A man on his way to dinner shortly after $6.00$ pm observes that the hands of his watch form an angle of $110°$.
Returning before $7.00$ pm he notices that again the hands of his watch form an angle of $110°$.
Find the number of minutes that he has been away.
A clear explanation would be nice.
On
HINT:
As the hour hand takes $12$ hours $=12\cdot60$ minutes to rotate $360^\circ$
So, in $t$ minutes it rotates $\frac t2^\circ$
Similarly, the minute hand takes $60$ minutes to rotate $360^\circ$
So, in $t$ minutes it rotates $6t^\circ$
So, in $t$ minutes the angle difference is $(6t-\frac t2)^\circ=\frac{11t}2^\circ$
At $6$ PM, the angle is $180^\circ$
So, we need $(180-110)^\circ=70^\circ$ more for the first case
and $\{360-(180-110)\}^\circ=290^\circ$ more for the second case
Now, the difference is $\frac{11t}2^\circ$ in $t$ minutes
The difference is $1^\circ$ in $\frac t{\frac{11t}2}=\frac2{11}$ minutes
The difference will be $70^\circ$ in $\frac2{11}\cdot70$ minutes $=\frac{140}{11}$ minutes $=12\frac8{11}$ minutes
The difference will be $290^\circ$ in $\frac2{11}\cdot290$ minutes $=\frac{580}{11}$ minutes $=52\frac8{11}$ minutes
On
At $12$ midnight the hands are together. $60$ minutes later at $1.00$am, the hands are $1/12$ of the dial, or $30^{\circ}$ apart.
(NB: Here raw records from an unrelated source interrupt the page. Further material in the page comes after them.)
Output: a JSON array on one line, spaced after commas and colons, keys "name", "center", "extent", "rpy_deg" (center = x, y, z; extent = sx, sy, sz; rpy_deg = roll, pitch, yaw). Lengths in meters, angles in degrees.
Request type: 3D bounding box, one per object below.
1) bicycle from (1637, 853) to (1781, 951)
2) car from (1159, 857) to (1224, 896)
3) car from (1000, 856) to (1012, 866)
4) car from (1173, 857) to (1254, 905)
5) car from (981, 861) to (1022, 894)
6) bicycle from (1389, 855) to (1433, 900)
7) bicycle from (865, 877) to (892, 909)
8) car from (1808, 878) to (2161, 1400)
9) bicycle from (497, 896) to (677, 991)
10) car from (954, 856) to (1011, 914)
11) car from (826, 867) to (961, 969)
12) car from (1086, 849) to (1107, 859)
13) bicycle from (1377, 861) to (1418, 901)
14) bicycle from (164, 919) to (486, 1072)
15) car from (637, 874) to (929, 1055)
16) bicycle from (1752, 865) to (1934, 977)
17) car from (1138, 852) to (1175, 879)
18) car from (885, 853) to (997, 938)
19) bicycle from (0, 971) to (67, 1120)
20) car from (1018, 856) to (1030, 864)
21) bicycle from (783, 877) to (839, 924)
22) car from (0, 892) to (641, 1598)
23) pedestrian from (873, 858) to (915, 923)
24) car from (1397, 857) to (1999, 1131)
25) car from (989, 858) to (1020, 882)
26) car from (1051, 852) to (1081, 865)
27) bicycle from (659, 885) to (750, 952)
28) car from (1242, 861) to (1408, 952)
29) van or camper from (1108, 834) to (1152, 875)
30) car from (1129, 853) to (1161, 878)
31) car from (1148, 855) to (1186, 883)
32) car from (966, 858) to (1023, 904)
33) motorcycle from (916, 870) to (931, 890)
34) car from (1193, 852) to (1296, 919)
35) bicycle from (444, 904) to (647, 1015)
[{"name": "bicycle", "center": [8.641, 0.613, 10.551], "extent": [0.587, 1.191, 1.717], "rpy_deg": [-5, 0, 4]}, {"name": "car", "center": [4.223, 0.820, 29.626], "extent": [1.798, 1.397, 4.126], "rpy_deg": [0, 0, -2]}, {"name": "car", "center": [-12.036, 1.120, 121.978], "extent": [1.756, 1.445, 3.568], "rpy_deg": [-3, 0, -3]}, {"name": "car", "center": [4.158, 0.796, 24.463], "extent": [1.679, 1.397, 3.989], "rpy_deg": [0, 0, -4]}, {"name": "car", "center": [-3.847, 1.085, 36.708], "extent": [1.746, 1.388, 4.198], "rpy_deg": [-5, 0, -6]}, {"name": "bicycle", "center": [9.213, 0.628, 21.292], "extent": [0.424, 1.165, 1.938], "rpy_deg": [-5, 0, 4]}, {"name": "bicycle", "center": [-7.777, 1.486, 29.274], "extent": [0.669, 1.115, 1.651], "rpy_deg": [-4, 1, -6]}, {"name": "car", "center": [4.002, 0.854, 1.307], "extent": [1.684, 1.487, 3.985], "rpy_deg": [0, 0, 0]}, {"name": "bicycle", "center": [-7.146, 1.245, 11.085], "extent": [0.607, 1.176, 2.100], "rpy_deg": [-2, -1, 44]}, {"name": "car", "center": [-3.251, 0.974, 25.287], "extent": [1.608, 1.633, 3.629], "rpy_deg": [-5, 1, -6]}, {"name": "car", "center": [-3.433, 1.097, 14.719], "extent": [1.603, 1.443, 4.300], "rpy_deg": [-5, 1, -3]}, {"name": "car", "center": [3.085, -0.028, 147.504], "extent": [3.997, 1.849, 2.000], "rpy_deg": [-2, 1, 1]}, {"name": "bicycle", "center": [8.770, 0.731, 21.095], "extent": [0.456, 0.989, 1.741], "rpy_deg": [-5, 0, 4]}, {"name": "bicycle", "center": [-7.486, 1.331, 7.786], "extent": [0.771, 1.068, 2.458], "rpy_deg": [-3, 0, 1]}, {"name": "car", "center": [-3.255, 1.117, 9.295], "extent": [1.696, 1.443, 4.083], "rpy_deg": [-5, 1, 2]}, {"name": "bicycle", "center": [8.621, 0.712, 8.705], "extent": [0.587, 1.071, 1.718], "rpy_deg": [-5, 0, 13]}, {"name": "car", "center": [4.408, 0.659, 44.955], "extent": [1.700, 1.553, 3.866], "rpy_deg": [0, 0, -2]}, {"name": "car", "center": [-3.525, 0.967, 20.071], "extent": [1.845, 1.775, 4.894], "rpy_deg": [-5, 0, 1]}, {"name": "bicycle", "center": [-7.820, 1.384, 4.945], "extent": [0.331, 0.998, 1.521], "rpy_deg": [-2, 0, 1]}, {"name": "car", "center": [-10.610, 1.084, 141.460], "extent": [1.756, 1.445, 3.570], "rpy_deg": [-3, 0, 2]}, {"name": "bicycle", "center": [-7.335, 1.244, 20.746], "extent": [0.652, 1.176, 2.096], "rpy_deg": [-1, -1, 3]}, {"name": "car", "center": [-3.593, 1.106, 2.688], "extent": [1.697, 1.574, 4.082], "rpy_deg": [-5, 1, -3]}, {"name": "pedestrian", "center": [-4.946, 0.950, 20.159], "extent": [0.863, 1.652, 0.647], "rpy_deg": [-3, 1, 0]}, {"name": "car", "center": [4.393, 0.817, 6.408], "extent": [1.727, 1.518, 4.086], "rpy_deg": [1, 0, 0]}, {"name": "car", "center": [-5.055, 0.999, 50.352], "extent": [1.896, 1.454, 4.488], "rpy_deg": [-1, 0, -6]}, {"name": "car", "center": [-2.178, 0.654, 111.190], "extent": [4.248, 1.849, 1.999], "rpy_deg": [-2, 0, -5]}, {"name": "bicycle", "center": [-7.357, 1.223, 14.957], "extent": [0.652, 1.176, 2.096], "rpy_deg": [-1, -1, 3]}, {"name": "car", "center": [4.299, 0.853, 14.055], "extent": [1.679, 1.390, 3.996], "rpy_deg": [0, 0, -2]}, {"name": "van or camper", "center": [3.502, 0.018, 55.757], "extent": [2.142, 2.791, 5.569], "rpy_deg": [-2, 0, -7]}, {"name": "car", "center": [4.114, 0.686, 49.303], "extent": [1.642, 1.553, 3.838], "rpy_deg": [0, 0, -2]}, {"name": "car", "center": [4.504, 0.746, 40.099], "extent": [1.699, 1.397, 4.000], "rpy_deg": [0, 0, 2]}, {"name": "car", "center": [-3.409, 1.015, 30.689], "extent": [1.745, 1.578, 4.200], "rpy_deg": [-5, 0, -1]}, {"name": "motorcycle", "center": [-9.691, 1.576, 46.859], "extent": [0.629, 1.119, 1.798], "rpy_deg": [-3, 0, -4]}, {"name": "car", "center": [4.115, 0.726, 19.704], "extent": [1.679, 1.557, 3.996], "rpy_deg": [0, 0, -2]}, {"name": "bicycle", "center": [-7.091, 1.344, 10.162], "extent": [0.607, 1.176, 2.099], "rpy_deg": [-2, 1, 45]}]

In one hour the minute hand has "caught up" $330^{\circ}$ at a rate of $\frac {330^{\circ}}{60}=5.5^{\circ}$ per minute.
In the question, the minute hand starts $110^{\circ}$ behind the hour hand and ends $110^{\circ}$ ahead of the hour hand. This is a [relative] difference of $220^{\circ}$ and at $5.5^{\circ}$ per minute this takes $40$ minutes.
You don't need to calculate the initial time or the final time to solve the problem.
Note for future reference - Because the minute hand travels twelve times as fast as the hour hand, the difference in angular speeds is $11$ times the (slower) speed of the hour hand. So the factor $11$ often comes up in problems involving the relative positions of minute and hour hands. Its presence in the question here (the $110$) is a give-away that there will be a nice answer.
Hint: at exactly $6$ PM the hands make an angle of $180^\circ$. The minute hand moves $360^\circ$ in one hour or $6^\circ$ per minute. The hour hand moves $30^\circ$ in one hour, or $0.5^\circ$ per minute. How many minutes elapse before the angle is reduced to $110^\circ$? Then for the return, the minute hand must pass the hour hand and gain $110^\circ$ on the other side.